Atoms in the QueryCGRContainer are represented in the following way:
[isotope;element_symbol;stereo state;h1>h2n1>n2;radical state;charge].

h1 means hybridization in reactant atom, h2 - hybridization in product atom, n1 means number of neighbors in reactant atom, n2 - in product atom.

[.>-][C;s>s0>1;*] - single bond formation and carbon atom, for which s hybridization is kept in reaction, and number of neighbors changed from 0 to 1; it is radical

Molecules comparable and hashable

Comparison of MoleculeContainer is based on its signatures.
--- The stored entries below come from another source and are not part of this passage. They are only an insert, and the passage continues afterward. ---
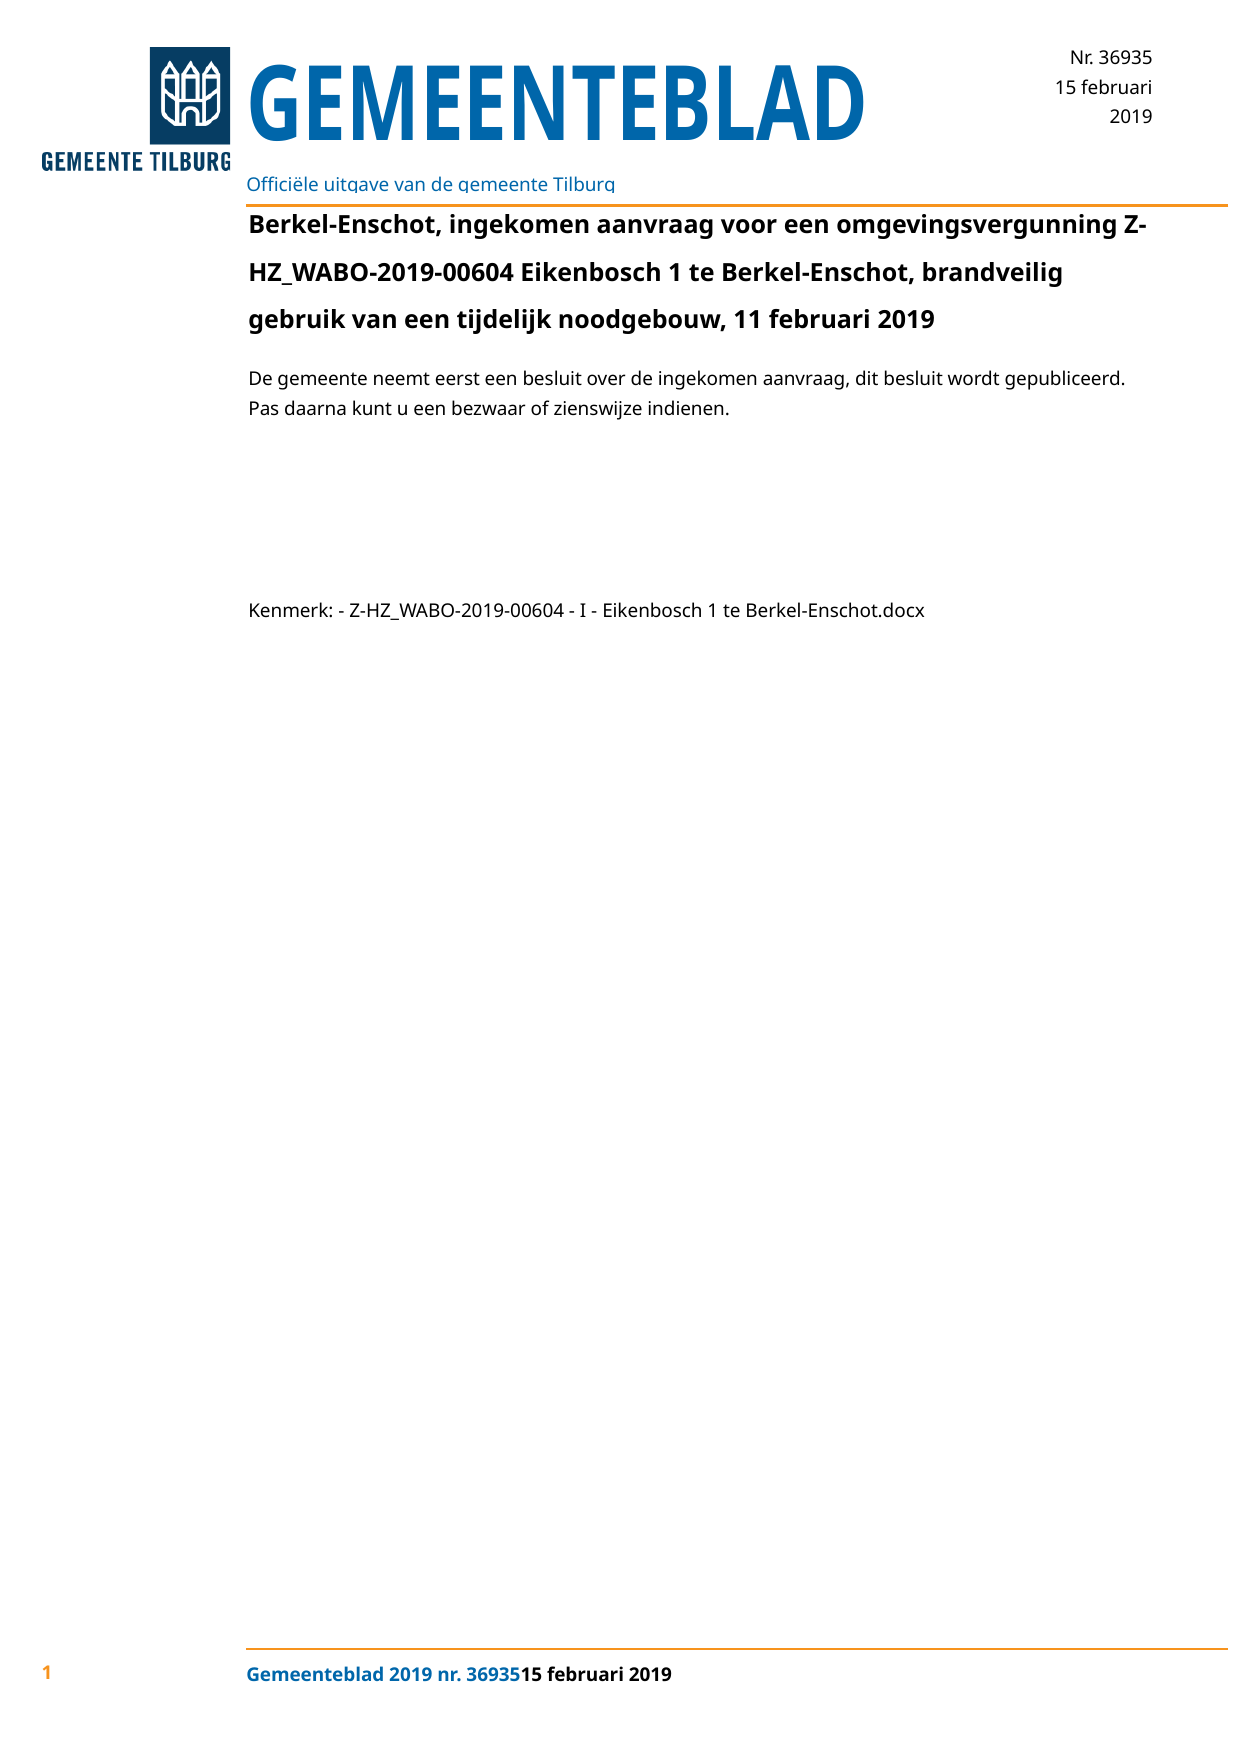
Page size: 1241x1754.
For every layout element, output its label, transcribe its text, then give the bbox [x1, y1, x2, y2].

text Berkel-Enschot, ingekomen aanvraag voor een omgevingsvergunning Z-HZ_WABO-2019-00604 Eikenbosch 1 te Berkel-Enschot, brandveilig gebruik van een tijdelijk noodgebouw, 11 februari 2019 [248, 207, 1152, 336]
text Kenmerk: - Z-HZ_WABO-2019-00604 - I - Eikenbosch 1 te Berkel-Enschot.docx [248, 597, 1152, 622]
text De gemeente neemt eerst een besluit over de ingekomen aanvraag, dit besluit wordt gepubliceerd. Pas daarna kunt u een bezwaar of zienswijze indienen. [248, 366, 1152, 421]
picture [41, 47, 231, 172]
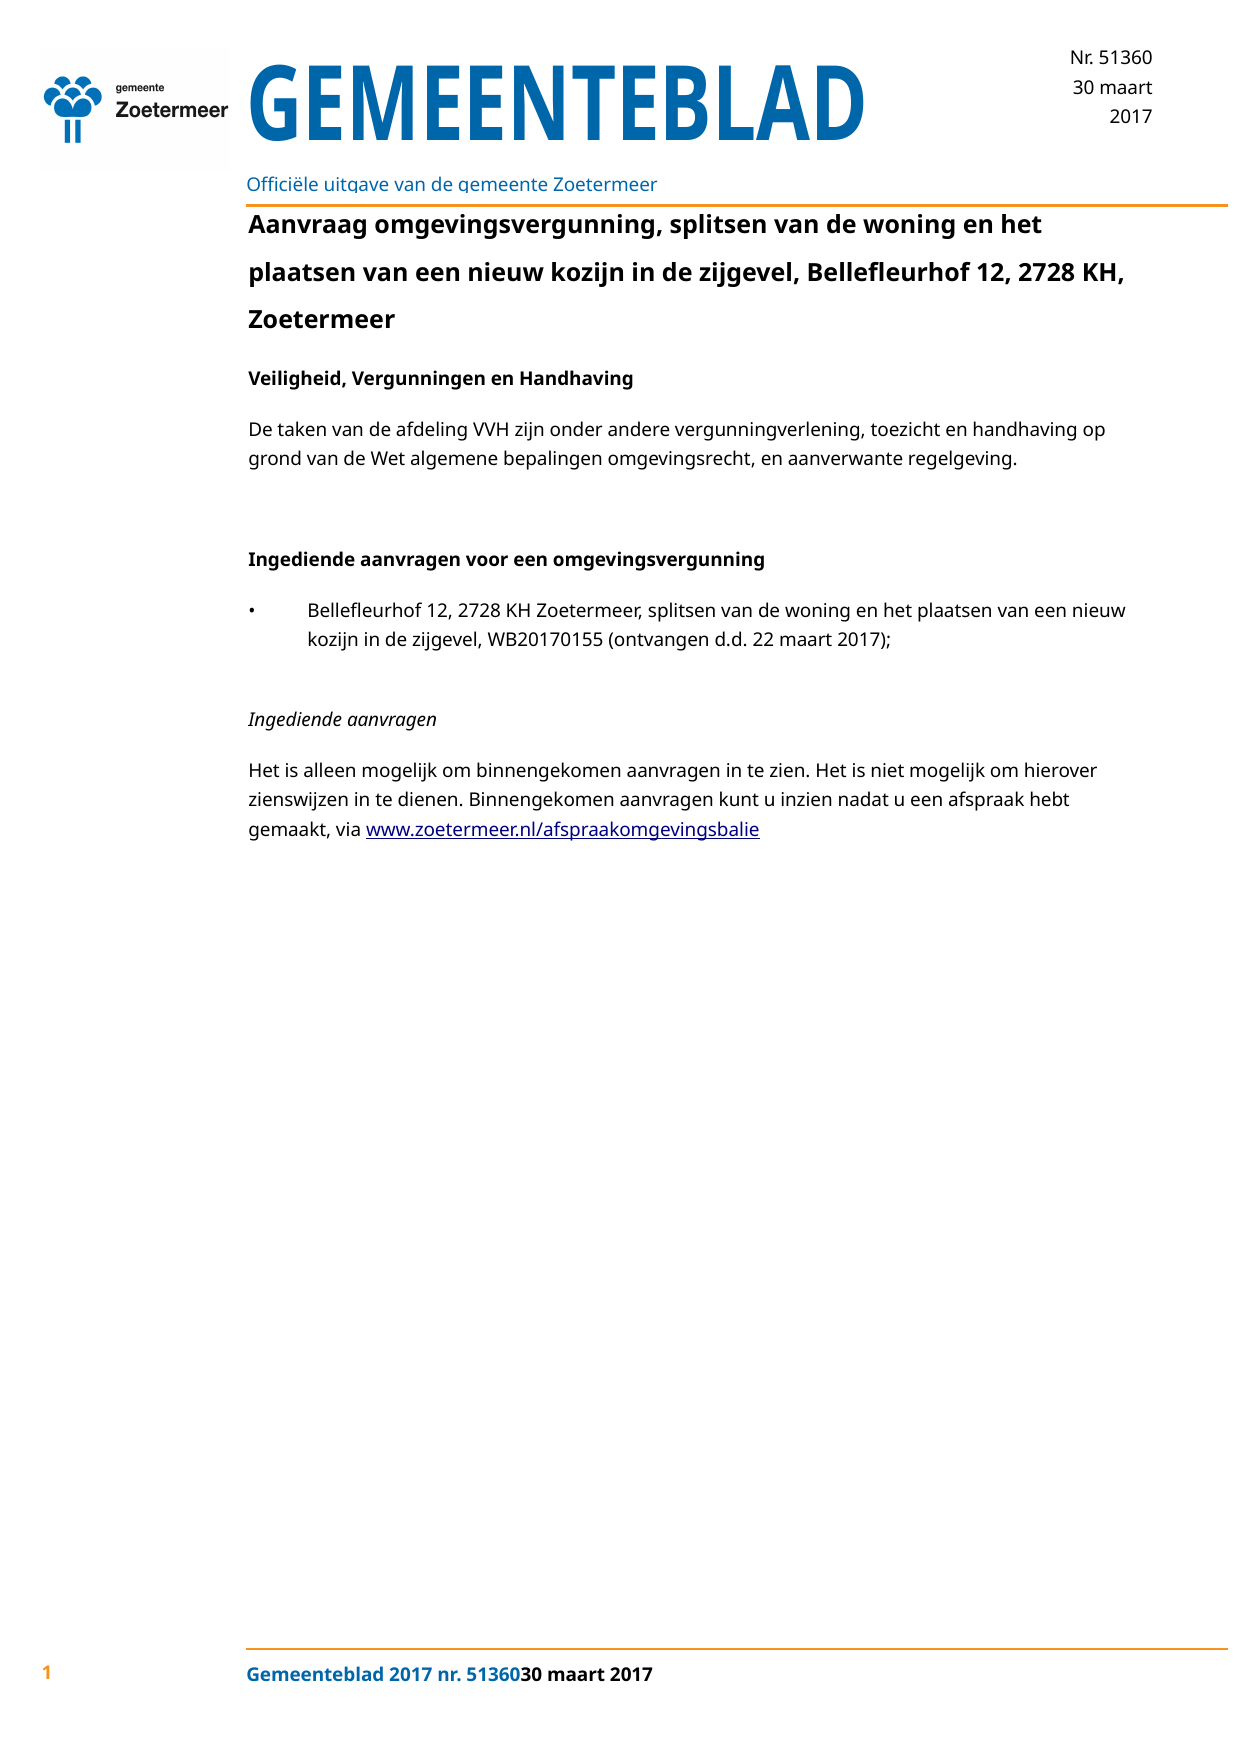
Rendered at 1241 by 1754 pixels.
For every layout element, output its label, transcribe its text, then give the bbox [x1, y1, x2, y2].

Moreover, since strings in Python are hashable, MoleculeContaier also hashable.

NOTE: MoleculeContainer can be changed. This can lead to unobvious behavior of the sets and dictionaries in which these molecules were placed before the change. Avoid changing molecules (standardize, aromatize, hydrogens and atoms/bonds changes) placed inside sets and dictionaries.
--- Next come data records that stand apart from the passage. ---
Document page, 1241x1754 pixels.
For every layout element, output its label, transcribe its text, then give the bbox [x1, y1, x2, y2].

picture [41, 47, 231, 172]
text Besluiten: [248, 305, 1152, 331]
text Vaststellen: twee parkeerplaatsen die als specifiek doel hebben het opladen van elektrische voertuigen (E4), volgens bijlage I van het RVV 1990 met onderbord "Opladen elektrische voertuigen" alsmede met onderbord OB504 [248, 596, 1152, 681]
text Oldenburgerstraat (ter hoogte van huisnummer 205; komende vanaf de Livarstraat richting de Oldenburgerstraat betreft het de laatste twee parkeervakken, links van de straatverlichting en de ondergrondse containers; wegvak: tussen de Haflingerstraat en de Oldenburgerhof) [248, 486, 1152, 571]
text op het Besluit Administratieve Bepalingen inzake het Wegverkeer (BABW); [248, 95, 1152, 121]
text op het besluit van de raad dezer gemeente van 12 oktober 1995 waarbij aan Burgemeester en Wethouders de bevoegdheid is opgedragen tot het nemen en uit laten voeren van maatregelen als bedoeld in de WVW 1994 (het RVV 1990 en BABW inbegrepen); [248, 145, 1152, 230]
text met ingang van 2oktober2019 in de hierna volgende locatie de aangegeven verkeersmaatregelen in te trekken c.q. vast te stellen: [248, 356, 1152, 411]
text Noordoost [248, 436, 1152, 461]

m1 != m2 # different molecules
m7 == m11 # copy of the same molecule
m7 is m11  # this is not same objects!
# Simplest way to exclude duplicated structures
len({m1, m2, m7, m11}) == 3 # create set of unique molecules. Only 3 of them were different.

2.2. Reaction signatures

ReactionContainer has its signature. Signature is SMIRKS string in which molecules of reactants, reagents, products presented in canonical order.
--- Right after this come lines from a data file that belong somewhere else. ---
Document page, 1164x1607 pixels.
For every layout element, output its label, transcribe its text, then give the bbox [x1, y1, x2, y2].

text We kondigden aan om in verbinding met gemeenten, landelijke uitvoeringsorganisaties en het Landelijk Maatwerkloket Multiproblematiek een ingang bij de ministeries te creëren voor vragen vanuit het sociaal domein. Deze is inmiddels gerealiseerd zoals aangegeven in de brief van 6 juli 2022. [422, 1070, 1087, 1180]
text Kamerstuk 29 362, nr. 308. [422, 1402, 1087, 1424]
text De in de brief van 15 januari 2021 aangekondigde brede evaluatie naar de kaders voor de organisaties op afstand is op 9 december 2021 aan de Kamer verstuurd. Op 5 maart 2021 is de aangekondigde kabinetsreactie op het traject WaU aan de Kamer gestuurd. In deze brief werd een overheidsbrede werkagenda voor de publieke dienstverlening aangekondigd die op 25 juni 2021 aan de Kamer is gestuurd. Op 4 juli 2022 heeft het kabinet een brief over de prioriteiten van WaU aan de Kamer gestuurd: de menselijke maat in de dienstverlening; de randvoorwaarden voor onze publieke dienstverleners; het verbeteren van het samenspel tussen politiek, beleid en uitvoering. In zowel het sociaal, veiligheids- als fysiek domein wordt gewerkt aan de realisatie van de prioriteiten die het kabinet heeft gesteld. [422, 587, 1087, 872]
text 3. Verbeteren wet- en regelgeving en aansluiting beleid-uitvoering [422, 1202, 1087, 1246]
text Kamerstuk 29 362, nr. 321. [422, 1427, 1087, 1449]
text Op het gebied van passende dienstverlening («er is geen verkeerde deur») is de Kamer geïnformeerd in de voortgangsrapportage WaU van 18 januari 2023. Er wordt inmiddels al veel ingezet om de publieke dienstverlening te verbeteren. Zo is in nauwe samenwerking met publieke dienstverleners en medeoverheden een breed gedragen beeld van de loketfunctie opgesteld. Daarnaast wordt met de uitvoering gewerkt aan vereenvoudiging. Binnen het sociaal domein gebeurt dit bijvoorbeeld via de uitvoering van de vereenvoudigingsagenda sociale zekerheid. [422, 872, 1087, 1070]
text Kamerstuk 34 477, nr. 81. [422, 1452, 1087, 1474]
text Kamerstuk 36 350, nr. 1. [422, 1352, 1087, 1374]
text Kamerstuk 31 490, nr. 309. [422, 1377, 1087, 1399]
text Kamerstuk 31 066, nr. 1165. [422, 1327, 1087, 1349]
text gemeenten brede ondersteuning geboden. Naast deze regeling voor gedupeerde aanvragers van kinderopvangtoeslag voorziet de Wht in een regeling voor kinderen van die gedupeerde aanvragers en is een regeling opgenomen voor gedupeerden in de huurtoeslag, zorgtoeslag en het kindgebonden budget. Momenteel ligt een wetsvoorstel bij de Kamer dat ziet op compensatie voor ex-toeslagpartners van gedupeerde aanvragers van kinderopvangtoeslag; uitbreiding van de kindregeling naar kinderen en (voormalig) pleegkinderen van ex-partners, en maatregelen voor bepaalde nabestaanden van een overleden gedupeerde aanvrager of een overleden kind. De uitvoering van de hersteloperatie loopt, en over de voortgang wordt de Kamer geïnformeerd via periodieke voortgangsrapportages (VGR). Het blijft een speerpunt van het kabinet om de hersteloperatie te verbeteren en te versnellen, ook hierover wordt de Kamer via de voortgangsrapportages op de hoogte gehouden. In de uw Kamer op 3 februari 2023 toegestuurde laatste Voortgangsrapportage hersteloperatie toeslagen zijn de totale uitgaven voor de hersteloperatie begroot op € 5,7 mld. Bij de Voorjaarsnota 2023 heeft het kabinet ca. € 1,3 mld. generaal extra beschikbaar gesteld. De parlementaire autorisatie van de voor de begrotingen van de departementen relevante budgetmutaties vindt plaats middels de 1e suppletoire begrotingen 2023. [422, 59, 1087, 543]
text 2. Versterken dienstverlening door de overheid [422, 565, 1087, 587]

API is the same as for molecules


Get reaction signature with mapping:

print(f'f-string: {r1:m}')
print('format method: {:m}'.format(r1))
print('format function: ', format(r1, "m"))
f-string: [C:5]([C:6](=[O:9])[OH:10])(=[O:7])[OH:8].[CH2:11]([CH3:12])[O-:2].[CH2:4]([OH:1])[CH3:3]>>[O:1]([CH2:4][CH3:3])[C:6]([C:5]([O:2][CH2:11][CH3:12])=[O:7])=[O:9]
format method: [C:5]([C:6](=[O:9])[OH:10])(=[O:7])[OH:8].[CH2:11]([CH3:12])[O-:2].[CH2:4]([OH:1])[CH3:3]>>[O:1]([CH2:4][CH3:3])[C:6]([C:5]([O:2][CH2:11][CH3:12])=[O:7])=[O:9]
format function:  [C:5]([C:6](=[O:9])[OH:10])(=[O:7])[OH:8].[CH2:11]([CH3:12])[O-:2].[CH2:4]([OH:1])[CH3:3]>>[O:1]([CH2:4][CH3:3])[C:6]([C:5]([O:2][CH2:11][CH3:12])=[O:7])=[O:9]

2.3. CGR signature

CGRContainer have its signature. Signatures is SMIRKS-like strings where dynamic bond labels and dynamic atoms are also specified within squared brackets, so not only atoms but bonds could be written in brackets if a bond has complex parameters. Dynamic bonds in CGR have special label representing changes in bond orders. Dynamic atom corresponds to a change of formal charge or radical state of atom in reaction. Their labels are also given in brackets, including the atom symbol and text keys for atomic property in reactant and product, separated by symbol >. For a neutral atom A gaining a positive charge +n in reaction dynamic atom will be encoded as [A0>+n]. In case of charges +1 and -1, the number 1 is omitted. Properties for charges and radicals may be combined consecutively within one pair of brackets, e.g. [A0>-^>*] stands for an atom which becomes an anion-radical.